Aha!  You cannot completely hide your hardware structure because your
latencies will tell on you!  ;-)

> That's not cool for their users (I imagine those running VMs with
> automatic CPU allocations...) but when trying to emphasize horrible
> patterns like you and me do, they're particularly interesting :-)

;-) ;-) ;-)

> My suspicion is that the L3 blocks have in fact 6-7 total ports with
> some rotary arbitration and that the cores are connected there in a
> specific order, and that the ring connection to the other half just
> uses extra ports that are located at certain places that favor more
> or less certain cores. Maybe that it's even 7 ports (for the
> diagonal in 16+ core CPUs) and that the 7th port is left unused
> here, which could also explain the asymmetry between all threads.
> For example it could look like this for each block with all 7 ports
> being round-robinned:
> 
>                 to L3 cores 4-7
>                 east port
>                 //
>             +------+
>             |      |
>    core 0 ==|  L3  |== core 1
>             |block |
>             |cores |
>    core 2 ==| 0-3  |== core 3
>             |      |
>             +------+
>              //  \\
>          unused   to L3 cores 4-7
>                   west port
> 
> It's then easy to imagine an extra latency for cores 1 and 2 there,
> with 2 being more impacted by two slots before it.

Indeed, beyond a certain point, it is necessary to talk to someone
who actually knows the hardware structure.

> > All points in favor of your long-term plan of reducing contention of
> > the variable being cmpxchg()ed.
> 
> Oh yes definitely! I know it's not the subject here but I'm currently
> modifying the architecture to support thread groups to partition the
> contention. It's way more complex than I imagined, and as usual the
> devil is in the details.

Understood!  And that is all too often the case.

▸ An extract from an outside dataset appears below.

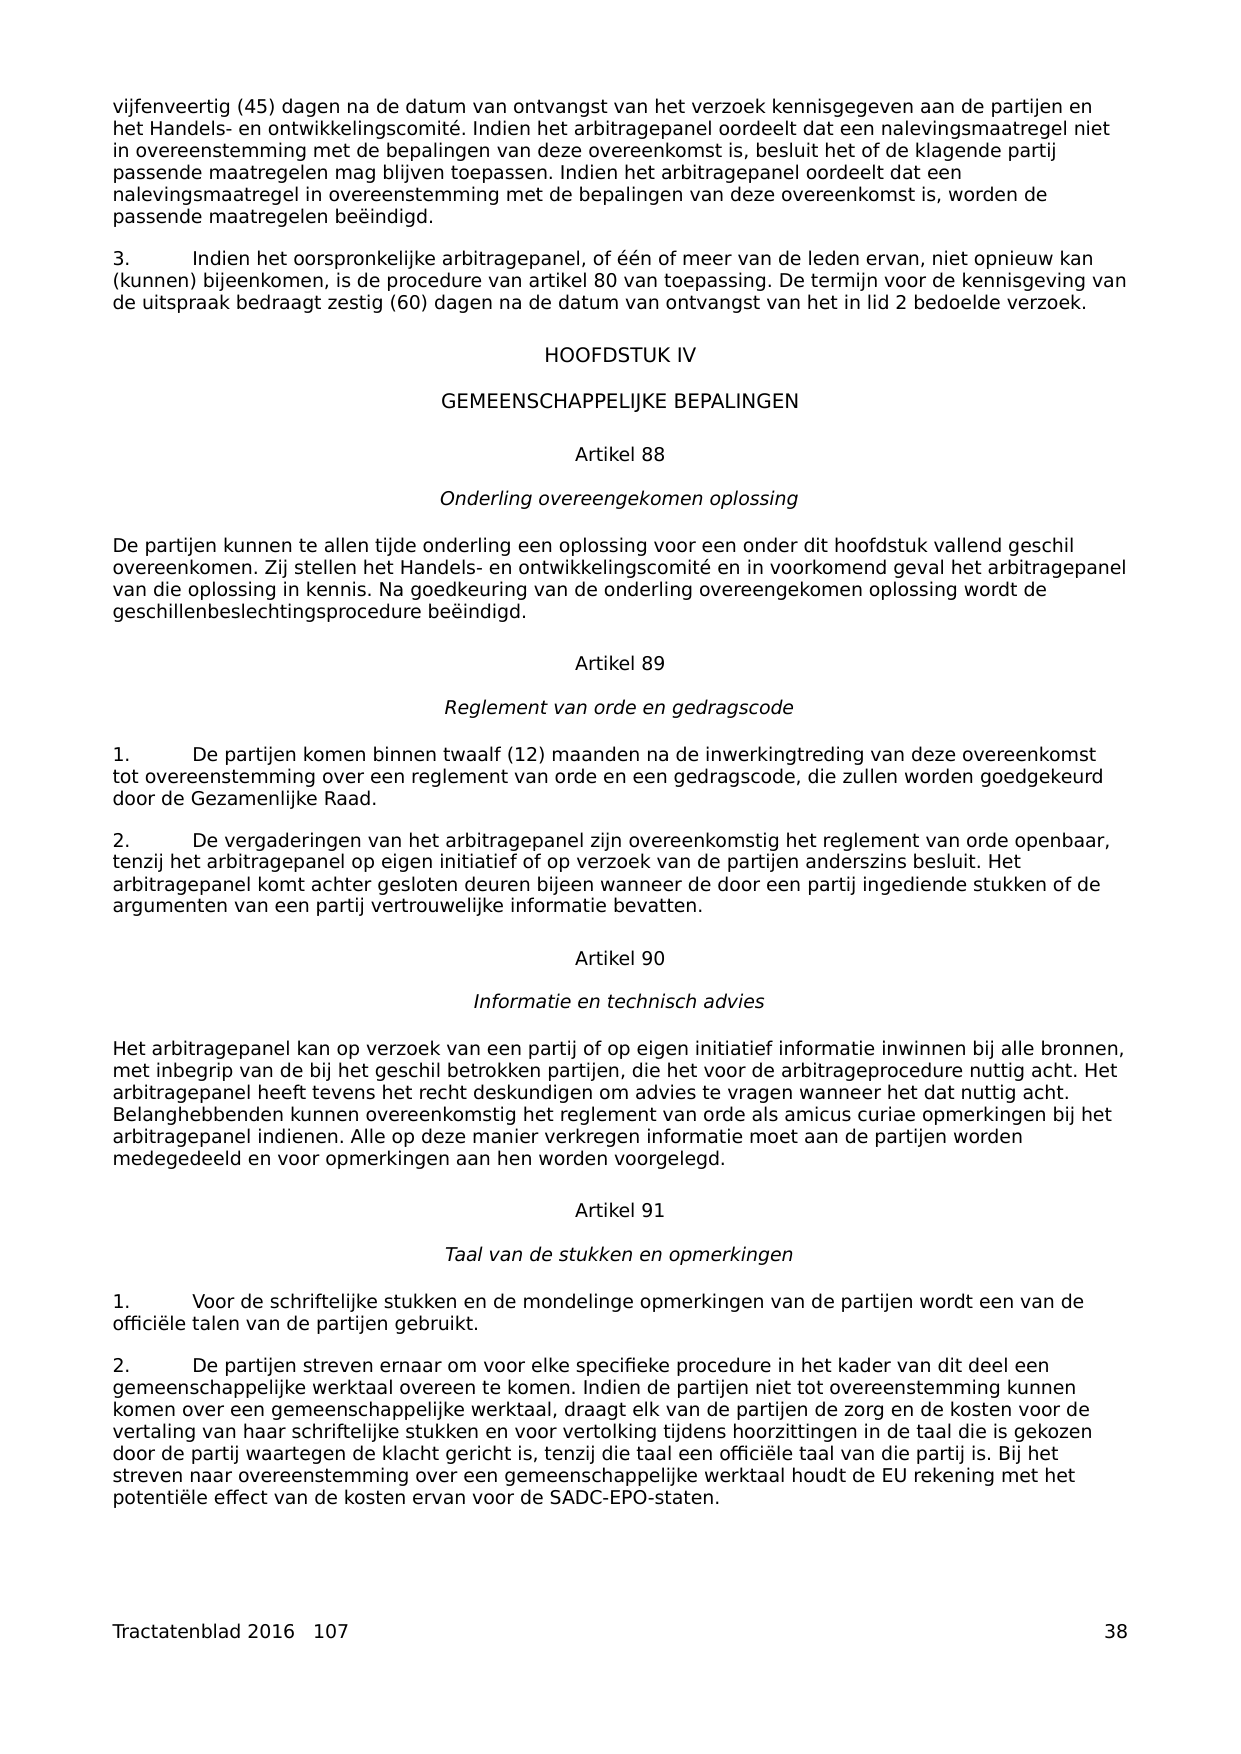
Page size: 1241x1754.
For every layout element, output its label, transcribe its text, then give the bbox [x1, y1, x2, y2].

> > > Another point I'm quite interested in is trying to group operations from
> > > close neighbors. In the example above on the Ryzen CPU, I would love to
> > > see CPUs from the same core complex try their luck together. One could
> > > think about using a CPU number to distribute accesses so that they're
> > > grouped, but it's less convenient from userland (or even from a VM). One
> > > element however knows better than the software, it's the cache controller.
> > > That's why I'm trying to keep *some* contention, so that once a core gets
> > > its access to the cache, the other ones on the same side of the L3 have a
> > > better chance to access it immediately after. And I think that's how I've
> > > reached an average of 45ns per operation (stats included) in my last test
> > > across all CPUs despite inter-CPU times ranging from 18 to 125ns. But that
> > > is quite unstable for now.
> > 
> > And very very dependent on the exact hardware.
> 
> Yep! For the record this one is an AMD Ryzen 2700X.
> 
> > I have seen hardware where prefetching the line passed to cmpxchg
> > doubled the overhead, and some where it made no measurable difference.
> 
> I noticed exactly the same. Prefetching on the Xeon W2145 costs twice
> as much :-(

Ouch!

> Another thing I discovered while preparing a machine for a test was that
> there was an option in the BIOS proposing to automatically prefetch the
> next cache line when reading one. I wasn't aware that some CPUs had this
> option but this scared me, thinking that I'm trying to align some critical
> structures on 64 bytes to avoid false sharing and that some machines
> might be capable of still suffering from sharing between adjacent lines!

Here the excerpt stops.